Manoj Deshapriya

Personal information
- Born: September 7, 1981 (age 44) Colombo, Sri Lanka
- Batting: Left-handed
- Bowling: Right-arm fast-medium

Career statistics
| Competition | First-class | List A |
| Matches | 27 | 6 |
| Runs scored | 675 | 71 |
| Batting average | 16.87 | 11.83 |
| 100s/50s | 0/4 | 0/0 |
| Top score | 89 | 31 |
| Balls bowled | 1,817 | 127 |
| Wickets | 27 | 0 |
| Bowling average | 39.88 | – |
| 5 wickets in innings | 0 | – |
| 10 wickets in match | 0 | – |
| Best bowling | 4/52 | – |
| Catches/stumpings | 6/– | 1/– |
- Source: CricInfo, 16 October 2017

= Manoj Deshapriya =

Sri Lankan cricketer (born 1981)

Ambegoda Liyanage Don Manoj Deshapriya (born 7 September 1981) is a Sri Lankan cricketer who generally plays in First class and List A cricket matches.

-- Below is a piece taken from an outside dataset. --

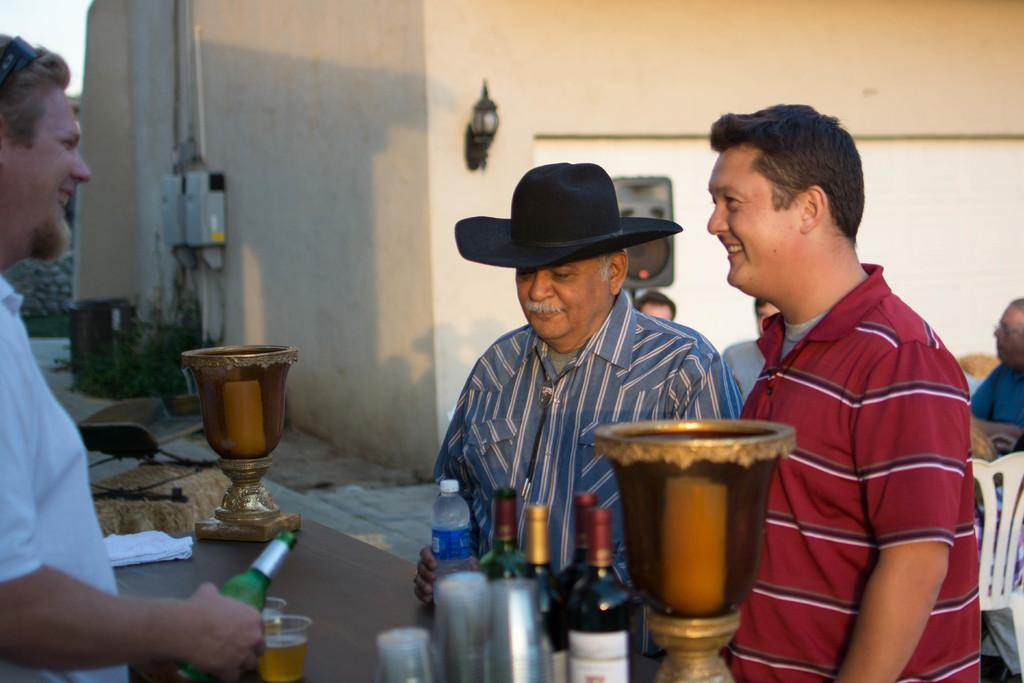How many people are present in the image? There are three people in the image. What are the people holding in their hands? The people are holding bottles. What is the main piece of furniture in the image? There is a table in the image. What items can be seen on the table? There are bottles and glasses on the table. Can you tell me how many ladybugs are crawling on the table in the image? There are no ladybugs present in the image; the table only has bottles and glasses on it. What type of cannon is visible on the table in the image? There is no cannon present in the image; the table only has bottles and glasses on it.

He has played in 27 first class cricket matches and in 6 List A matches.

== Fixing allegations ==
Manoj Deshapriya has been banned from all forms of cricket from September 2017 for two years due to the alleged misconduct during a domestic first class cricket match between Panadura Cricket Club and Kalutara Physical Culture Club along with Chamara Silva who was the captain of the Panadura Cricket Club. Manoj Deshapriya, the captain of the Kalutara Physical Culture Club was found guilty for match-fixing allegations after the unusual scoring rate by Panadura side in a first class cricket match held in January 2017.